What the task asks = Show each line of the data below that has the string "name" in it.

Source data =
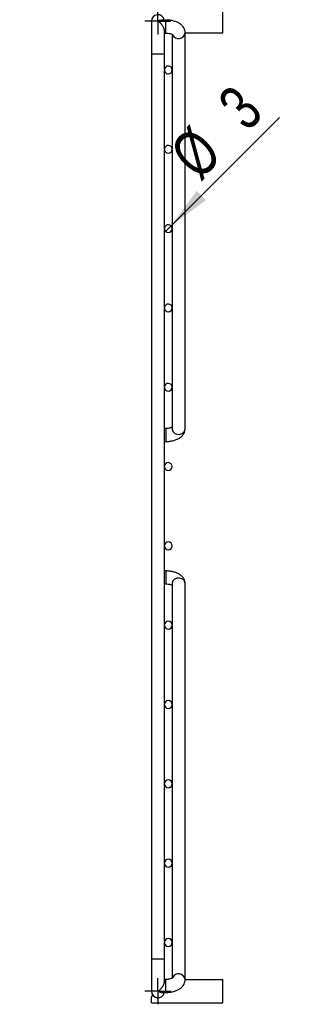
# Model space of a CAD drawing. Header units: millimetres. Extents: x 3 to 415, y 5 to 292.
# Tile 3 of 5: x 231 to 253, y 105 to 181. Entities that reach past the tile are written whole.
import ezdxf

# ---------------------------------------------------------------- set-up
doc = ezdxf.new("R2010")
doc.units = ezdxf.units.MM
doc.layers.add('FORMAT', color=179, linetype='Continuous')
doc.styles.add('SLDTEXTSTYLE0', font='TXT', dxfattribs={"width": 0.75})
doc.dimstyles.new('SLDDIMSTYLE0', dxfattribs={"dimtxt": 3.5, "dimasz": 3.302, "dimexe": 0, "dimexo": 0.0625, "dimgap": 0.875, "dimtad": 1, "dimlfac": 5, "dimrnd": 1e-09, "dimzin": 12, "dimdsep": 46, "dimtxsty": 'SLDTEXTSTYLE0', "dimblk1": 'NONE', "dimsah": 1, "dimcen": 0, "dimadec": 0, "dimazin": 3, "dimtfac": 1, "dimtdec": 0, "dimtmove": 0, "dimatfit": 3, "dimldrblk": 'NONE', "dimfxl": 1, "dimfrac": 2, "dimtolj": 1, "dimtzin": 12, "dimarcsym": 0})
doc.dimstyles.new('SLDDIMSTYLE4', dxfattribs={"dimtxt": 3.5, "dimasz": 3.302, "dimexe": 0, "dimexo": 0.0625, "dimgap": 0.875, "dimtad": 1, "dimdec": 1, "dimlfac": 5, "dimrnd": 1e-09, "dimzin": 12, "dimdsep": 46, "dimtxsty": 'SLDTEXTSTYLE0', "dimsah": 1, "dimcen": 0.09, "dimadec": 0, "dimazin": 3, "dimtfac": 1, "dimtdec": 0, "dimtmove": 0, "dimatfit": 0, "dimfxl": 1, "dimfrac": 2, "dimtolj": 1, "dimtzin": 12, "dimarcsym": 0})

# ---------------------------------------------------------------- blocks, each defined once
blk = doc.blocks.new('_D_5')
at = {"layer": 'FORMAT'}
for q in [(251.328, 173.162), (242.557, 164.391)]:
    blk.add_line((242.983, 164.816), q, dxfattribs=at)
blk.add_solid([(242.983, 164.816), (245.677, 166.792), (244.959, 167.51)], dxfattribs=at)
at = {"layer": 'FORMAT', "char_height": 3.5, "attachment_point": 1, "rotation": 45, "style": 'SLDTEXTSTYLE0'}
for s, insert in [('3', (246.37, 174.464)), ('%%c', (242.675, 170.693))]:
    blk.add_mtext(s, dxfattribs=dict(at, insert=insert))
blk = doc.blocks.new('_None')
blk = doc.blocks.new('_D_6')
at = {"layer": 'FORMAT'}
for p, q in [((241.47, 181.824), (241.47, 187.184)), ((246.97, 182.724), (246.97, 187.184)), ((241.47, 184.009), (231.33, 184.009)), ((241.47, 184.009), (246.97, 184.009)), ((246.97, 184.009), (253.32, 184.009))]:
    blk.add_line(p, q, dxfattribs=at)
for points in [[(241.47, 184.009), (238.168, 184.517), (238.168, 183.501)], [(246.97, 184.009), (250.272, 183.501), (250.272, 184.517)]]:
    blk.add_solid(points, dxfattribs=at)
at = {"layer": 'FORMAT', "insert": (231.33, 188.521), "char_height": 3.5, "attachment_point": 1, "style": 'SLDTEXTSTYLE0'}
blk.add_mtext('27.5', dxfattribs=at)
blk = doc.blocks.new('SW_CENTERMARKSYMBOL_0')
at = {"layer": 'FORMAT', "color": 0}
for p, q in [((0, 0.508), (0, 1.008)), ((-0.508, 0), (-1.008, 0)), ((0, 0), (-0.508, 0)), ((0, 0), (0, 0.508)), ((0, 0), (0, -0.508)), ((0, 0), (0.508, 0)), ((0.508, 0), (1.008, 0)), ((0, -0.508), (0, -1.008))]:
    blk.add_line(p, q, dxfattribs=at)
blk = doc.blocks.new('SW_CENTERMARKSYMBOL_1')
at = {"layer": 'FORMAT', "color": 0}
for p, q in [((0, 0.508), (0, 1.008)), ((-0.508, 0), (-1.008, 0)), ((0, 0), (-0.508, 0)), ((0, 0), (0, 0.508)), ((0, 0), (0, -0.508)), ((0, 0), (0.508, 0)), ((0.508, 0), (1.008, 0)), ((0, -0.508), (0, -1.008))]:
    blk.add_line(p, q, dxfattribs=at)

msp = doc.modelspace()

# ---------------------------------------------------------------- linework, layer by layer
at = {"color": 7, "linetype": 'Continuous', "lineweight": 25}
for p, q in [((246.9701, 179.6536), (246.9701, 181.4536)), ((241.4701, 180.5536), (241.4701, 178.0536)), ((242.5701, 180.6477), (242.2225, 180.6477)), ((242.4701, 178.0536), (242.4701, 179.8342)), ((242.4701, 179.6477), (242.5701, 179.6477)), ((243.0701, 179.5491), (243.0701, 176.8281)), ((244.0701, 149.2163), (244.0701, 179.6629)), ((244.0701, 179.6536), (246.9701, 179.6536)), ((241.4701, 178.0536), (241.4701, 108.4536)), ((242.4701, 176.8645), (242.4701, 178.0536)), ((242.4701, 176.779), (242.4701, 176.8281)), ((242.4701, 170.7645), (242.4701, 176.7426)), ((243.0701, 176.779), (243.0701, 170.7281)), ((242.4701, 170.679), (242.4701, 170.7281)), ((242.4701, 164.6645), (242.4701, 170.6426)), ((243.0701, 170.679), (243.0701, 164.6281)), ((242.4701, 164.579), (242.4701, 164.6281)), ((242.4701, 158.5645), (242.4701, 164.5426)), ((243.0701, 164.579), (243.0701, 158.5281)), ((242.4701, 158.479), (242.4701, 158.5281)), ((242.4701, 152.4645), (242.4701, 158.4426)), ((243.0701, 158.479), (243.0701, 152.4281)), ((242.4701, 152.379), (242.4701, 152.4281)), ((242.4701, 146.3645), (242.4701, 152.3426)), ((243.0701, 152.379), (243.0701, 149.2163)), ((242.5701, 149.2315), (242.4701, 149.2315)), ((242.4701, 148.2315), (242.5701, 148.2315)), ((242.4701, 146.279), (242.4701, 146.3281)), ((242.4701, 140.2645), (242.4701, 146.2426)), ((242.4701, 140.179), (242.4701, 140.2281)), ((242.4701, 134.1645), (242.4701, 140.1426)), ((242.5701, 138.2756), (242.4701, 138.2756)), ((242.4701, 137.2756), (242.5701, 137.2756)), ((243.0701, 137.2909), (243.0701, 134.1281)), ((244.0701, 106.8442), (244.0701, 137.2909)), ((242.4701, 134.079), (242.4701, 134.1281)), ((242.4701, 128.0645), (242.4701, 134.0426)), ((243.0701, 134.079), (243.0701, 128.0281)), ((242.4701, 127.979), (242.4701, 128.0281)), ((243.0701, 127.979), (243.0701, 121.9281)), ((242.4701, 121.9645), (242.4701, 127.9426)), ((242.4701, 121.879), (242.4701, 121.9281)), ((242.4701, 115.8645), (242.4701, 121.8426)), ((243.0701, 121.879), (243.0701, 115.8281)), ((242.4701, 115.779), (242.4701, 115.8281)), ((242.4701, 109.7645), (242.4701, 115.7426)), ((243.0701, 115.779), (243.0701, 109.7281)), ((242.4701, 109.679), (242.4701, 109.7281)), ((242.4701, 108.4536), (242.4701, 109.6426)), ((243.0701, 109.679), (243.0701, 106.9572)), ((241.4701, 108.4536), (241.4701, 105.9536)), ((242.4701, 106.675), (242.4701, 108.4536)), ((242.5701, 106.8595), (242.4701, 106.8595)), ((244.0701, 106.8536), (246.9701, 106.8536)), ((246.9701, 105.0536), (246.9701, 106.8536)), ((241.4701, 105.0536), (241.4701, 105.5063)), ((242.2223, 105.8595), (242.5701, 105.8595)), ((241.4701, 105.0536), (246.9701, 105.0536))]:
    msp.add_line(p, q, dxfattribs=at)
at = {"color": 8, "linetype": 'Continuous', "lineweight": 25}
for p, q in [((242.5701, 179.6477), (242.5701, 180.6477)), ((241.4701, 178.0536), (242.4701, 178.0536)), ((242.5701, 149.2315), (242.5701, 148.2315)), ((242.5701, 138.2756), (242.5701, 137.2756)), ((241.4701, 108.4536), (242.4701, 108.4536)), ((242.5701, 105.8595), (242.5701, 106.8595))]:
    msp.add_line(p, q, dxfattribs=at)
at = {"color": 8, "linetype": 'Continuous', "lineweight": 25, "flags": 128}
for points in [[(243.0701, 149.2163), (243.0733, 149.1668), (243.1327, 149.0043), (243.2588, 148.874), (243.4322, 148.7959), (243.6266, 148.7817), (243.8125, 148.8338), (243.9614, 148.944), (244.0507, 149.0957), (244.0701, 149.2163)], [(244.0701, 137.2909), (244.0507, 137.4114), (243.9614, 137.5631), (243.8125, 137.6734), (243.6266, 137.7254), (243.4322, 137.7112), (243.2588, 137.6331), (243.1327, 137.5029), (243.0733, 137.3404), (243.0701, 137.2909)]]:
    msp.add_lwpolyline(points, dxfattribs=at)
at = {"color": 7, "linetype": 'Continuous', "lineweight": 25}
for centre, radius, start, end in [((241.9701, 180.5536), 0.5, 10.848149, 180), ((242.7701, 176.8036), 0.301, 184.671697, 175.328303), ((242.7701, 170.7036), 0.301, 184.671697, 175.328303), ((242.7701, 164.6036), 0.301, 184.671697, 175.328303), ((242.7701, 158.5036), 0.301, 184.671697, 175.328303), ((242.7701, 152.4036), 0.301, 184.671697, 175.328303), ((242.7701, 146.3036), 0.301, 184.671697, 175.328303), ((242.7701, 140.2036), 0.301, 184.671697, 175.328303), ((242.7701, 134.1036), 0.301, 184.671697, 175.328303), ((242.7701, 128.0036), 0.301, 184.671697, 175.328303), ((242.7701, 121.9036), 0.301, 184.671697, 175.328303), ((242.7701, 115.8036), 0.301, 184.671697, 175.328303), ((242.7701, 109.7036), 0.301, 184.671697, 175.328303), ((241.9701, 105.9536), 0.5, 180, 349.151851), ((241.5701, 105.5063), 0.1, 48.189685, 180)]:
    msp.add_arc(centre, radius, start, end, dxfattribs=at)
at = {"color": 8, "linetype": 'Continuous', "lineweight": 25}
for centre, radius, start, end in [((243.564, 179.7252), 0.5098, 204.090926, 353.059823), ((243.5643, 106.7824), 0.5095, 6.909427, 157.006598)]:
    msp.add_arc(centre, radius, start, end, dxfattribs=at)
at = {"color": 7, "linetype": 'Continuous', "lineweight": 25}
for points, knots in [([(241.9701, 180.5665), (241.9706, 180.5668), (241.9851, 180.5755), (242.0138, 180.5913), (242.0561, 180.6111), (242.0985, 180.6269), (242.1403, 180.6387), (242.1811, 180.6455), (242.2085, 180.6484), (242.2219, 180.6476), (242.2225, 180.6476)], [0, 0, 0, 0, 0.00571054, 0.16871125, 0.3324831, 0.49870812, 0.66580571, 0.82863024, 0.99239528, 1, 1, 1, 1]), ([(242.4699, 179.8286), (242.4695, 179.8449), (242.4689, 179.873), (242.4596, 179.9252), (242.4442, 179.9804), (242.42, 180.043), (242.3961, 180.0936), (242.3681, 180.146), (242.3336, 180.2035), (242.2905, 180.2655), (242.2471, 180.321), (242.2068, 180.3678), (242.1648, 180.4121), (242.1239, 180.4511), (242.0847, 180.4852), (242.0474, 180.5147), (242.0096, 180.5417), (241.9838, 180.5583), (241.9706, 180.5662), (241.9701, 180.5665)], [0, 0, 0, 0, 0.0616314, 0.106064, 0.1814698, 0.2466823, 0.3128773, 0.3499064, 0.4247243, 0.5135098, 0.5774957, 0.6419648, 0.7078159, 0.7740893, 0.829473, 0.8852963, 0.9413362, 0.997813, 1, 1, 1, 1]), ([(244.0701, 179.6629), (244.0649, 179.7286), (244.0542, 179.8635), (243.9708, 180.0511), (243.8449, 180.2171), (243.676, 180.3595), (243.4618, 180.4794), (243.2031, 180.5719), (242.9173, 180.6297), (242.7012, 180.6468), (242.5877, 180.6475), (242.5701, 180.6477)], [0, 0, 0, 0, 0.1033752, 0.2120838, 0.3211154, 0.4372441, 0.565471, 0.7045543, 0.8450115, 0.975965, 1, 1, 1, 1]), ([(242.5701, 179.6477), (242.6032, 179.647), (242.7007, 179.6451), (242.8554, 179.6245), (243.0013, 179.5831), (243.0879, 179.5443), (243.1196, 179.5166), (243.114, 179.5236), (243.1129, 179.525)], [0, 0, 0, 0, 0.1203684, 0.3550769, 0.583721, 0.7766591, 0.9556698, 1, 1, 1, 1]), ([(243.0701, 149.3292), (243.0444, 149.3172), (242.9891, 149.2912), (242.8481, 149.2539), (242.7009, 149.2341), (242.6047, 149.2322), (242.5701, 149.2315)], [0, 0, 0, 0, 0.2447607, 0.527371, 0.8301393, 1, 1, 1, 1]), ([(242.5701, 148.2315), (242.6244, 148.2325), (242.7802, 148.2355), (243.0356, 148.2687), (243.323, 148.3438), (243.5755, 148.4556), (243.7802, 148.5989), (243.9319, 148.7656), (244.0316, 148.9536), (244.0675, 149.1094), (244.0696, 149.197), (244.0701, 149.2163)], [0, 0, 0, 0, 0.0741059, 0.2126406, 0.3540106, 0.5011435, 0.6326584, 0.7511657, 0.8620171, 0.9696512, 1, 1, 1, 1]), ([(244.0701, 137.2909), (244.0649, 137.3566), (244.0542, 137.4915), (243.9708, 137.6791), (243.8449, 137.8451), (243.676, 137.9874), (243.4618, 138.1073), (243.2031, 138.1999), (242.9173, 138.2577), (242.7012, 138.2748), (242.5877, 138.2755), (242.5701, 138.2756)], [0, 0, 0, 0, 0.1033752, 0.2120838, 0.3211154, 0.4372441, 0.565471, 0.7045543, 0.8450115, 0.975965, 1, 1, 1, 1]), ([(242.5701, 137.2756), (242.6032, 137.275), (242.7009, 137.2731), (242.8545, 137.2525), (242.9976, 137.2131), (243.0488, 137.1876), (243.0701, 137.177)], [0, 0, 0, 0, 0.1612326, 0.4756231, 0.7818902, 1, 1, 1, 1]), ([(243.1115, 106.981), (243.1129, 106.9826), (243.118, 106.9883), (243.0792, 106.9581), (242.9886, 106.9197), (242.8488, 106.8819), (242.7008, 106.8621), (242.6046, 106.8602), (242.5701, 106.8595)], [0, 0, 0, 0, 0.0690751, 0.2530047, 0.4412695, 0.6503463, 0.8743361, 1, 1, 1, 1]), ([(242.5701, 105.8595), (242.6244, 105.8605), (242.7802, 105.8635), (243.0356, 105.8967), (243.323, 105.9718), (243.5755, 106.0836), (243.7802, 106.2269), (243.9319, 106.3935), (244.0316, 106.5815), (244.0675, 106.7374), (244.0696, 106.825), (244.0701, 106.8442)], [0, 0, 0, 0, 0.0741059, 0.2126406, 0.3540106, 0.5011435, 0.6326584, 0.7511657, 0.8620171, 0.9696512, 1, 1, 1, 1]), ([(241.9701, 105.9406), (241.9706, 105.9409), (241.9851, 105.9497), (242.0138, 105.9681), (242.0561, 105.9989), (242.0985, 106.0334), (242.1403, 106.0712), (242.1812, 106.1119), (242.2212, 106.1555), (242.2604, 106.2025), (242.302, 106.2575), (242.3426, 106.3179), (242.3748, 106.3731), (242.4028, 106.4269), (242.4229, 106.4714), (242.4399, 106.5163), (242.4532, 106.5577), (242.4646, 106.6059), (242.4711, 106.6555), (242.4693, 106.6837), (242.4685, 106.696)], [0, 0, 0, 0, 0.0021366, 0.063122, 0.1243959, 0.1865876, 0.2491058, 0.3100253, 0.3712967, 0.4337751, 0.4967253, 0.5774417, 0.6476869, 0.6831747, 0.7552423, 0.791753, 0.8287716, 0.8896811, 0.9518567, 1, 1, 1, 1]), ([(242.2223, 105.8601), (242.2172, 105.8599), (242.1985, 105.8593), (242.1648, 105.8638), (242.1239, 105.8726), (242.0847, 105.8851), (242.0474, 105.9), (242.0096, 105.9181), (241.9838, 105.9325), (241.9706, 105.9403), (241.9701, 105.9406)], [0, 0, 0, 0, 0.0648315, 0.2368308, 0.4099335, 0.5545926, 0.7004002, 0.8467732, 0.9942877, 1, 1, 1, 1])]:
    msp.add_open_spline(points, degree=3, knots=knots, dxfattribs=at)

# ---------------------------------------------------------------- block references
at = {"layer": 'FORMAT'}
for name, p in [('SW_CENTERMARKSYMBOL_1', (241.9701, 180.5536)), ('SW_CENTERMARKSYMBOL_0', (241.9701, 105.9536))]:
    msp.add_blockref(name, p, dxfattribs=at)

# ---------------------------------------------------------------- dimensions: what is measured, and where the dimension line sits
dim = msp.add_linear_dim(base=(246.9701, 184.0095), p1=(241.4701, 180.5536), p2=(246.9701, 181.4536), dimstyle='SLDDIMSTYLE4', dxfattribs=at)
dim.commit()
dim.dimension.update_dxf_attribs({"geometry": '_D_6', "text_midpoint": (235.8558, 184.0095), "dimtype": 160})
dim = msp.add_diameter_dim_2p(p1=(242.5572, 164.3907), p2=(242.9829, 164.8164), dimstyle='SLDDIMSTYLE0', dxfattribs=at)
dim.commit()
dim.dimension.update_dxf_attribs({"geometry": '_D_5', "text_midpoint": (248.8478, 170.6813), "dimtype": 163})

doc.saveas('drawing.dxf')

Output for this task =
for name, p in [('SW_CENTERMARKSYMBOL_1', (241.9701, 180.5536)), ('SW_CENTERMARKSYMBOL_0', (241.9701, 105.9536))]:
    msp.add_blockref(name, p, dxfattribs=at)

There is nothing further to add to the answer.